Add this component to config_fed_client.json:

{
    "id": "event_to_fed",
    "name": "ConvertToFedEvent",
    "args": {"events_to_convert": ["analytix_log_stats"], "fed_event_prefix": "fed."}
}

If using the subprocess Client API with the ClientAPILauncherExecutor (rather than the in-process Client API with the InProcessClientAPIExecutor), we need to add the MetricRelay to fire fed events, a CellPipe for metrics, and an ExternalConfigurator for client api initialization.

{
  id = "metric_relay"
  path = "nvflare.app_common.widgets.metric_relay.MetricRelay"
  args {
    pipe_id = "metrics_pipe"
    event_type = "fed.analytix_log_stats"
    read_interval = 0.1
  }
},
{
  id = "metrics_pipe"
  path = "nvflare.fuel.utils.pipe.cell_pipe.CellPipe"
  args {
    mode = "PASSIVE"
    site_name = "{SITE_NAME}"
    token = "{JOB_ID}"
    root_url = "{ROOT_URL}"
    secure_mode = "{SECURE_MODE}"
    workspace_dir = "{WORKSPACE}"
  }
},
{
  id = "config_preparer"
  path = "nvflare.app_common.widgets.external_configurator.ExternalConfigurator"
  args {
    component_ids = ["metric_relay"]
  }
}

On the server, configure the experiment tracking system in config_fed_server.conf using one of the following receivers. Note that any of the receivers can be used regardless of the which writer is used.
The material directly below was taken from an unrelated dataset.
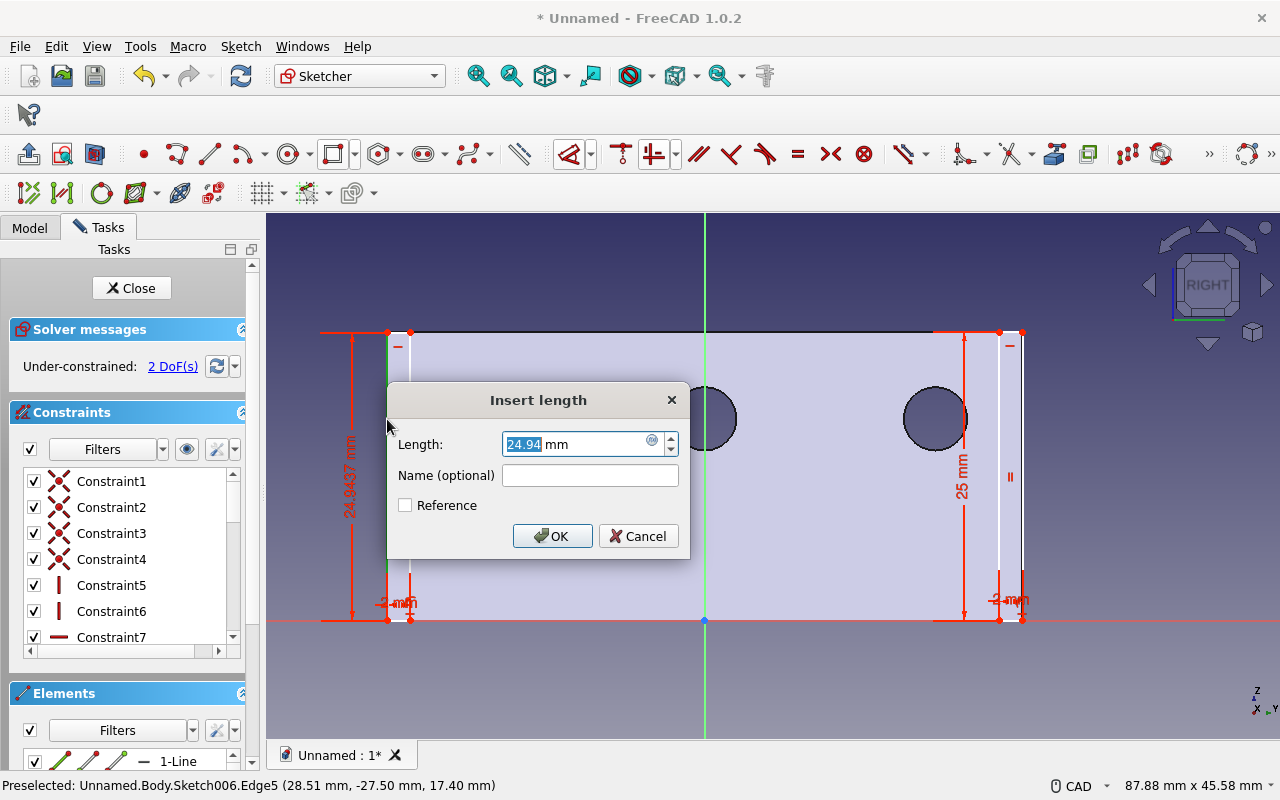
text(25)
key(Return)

  • MLflowReceiver for MLflow

  • TBAnalyticsReceiver for TensorBoard

  • WandBReceiver for Weights & Biases

For example, here we add the MLflowReceiver component to the components configuration array:

{
  "id": "mlflow_receiver_with_tracking_uri",
  "path": "nvflare.app_opt.tracking.mlflow.mlflow_receiver.MLflowReceiver",
  "args": {
    tracking_uri = "file:///{WORKSPACE}/{JOB_ID}/mlruns"
    "kwargs": {
      "experiment_name": "hello-pt-experiment",
      "run_name": "hello-pt-with-mlflow",
      "experiment_tags": {
        "mlflow.note.content": "markdown for the experiment"
      },
      "run_tags": {
        "mlflow.note.content": "markdown describes details of experiment"
      }
    },
    "artifact_location": "artifacts"
  }
}

Notice the args{} are user defined, such as tracking_uri, experiment_name, tags etc., and will be specific to which receiver is configured.

The MLflow tracking URL argument tracking_uri is None by default, which uses the MLflow default URL, http://localhost:5000. To make this accessible from another machine, make sure to change it to the correct URL, or point to to the mlruns directory in the workspace.
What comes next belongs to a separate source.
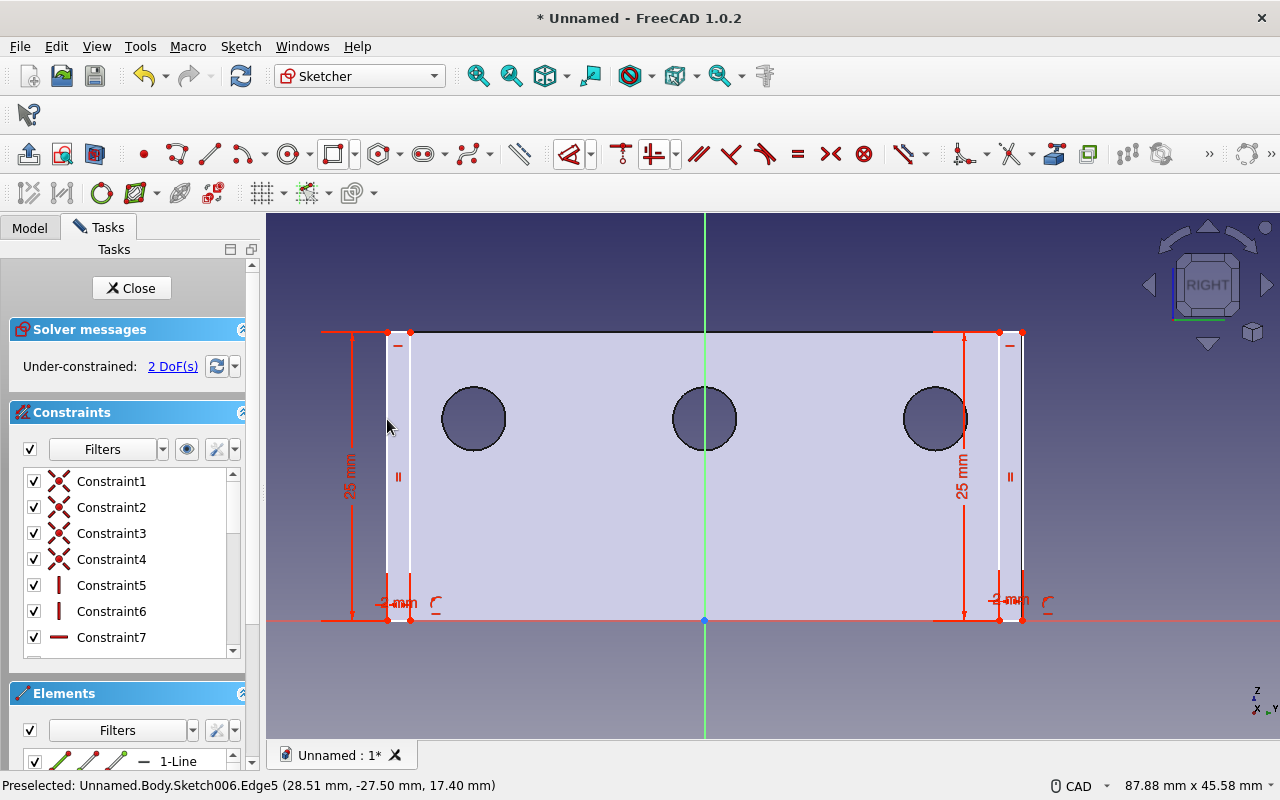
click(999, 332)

tracking_uri = <the Mlflow Server endpoint URL>
tracking_uri = "file:///{WORKSPACE}/{JOB_ID}/mlruns"

You can change other arguments such as experiments, run_name, tags (using Markdown syntax), and artifact location.

Start the MLflow server with one of the following commands:

mlflow server --host 127.0.0.1 --port 5000
mlflow ui -port 5000

For more information with an example walkthrough, see the FedAvg with SAG with MLflow tutorial.

Streaming metrics to FL clients

If streaming metrics to the FL server isn’t preferred due to privacy or other concerns, users can alternatively stream metrics to the FL client. In such cases, there’s no need to add the ConvertToFedEvent component on the client side. Additionally, since we’re not streaming to the server side, there’s no requirement to configure receivers in the server configuration.

Instead to receive records on the client side, configure the metrics receiver in the client configuration instead of the server configuration.

For example, in the TensorBoard configuration, add this component to config_fed_client.conf:

{
  "id": "tb_analytics_receiver",
  "name": "TBAnalyticsReceiver",
  "args": {"events": ["analytix_log_stats"]}
}

Note that the events argument is analytix_log_stats, not fed.analytix_log_stats, indicating that this is a local event.

If using the MetricRelay component, we can similarly component event_type value from fed.analytix_log_stats to analytix_log_stats for convention. We then must set the MetricRelay argument fed_event to false to fire local events rather than the default fed events.

{
  id = "metric_relay"
  path = "nvflare.app_common.widgets.metric_relay.MetricRelay"
  args {
    pipe_id = "metrics_pipe"
    event_type = "analytix_log_stats"
    # how fast should it read from the peer
    read_interval = 0.1
    fed_event = false
  }
}

Then, the metrics will stream to the client.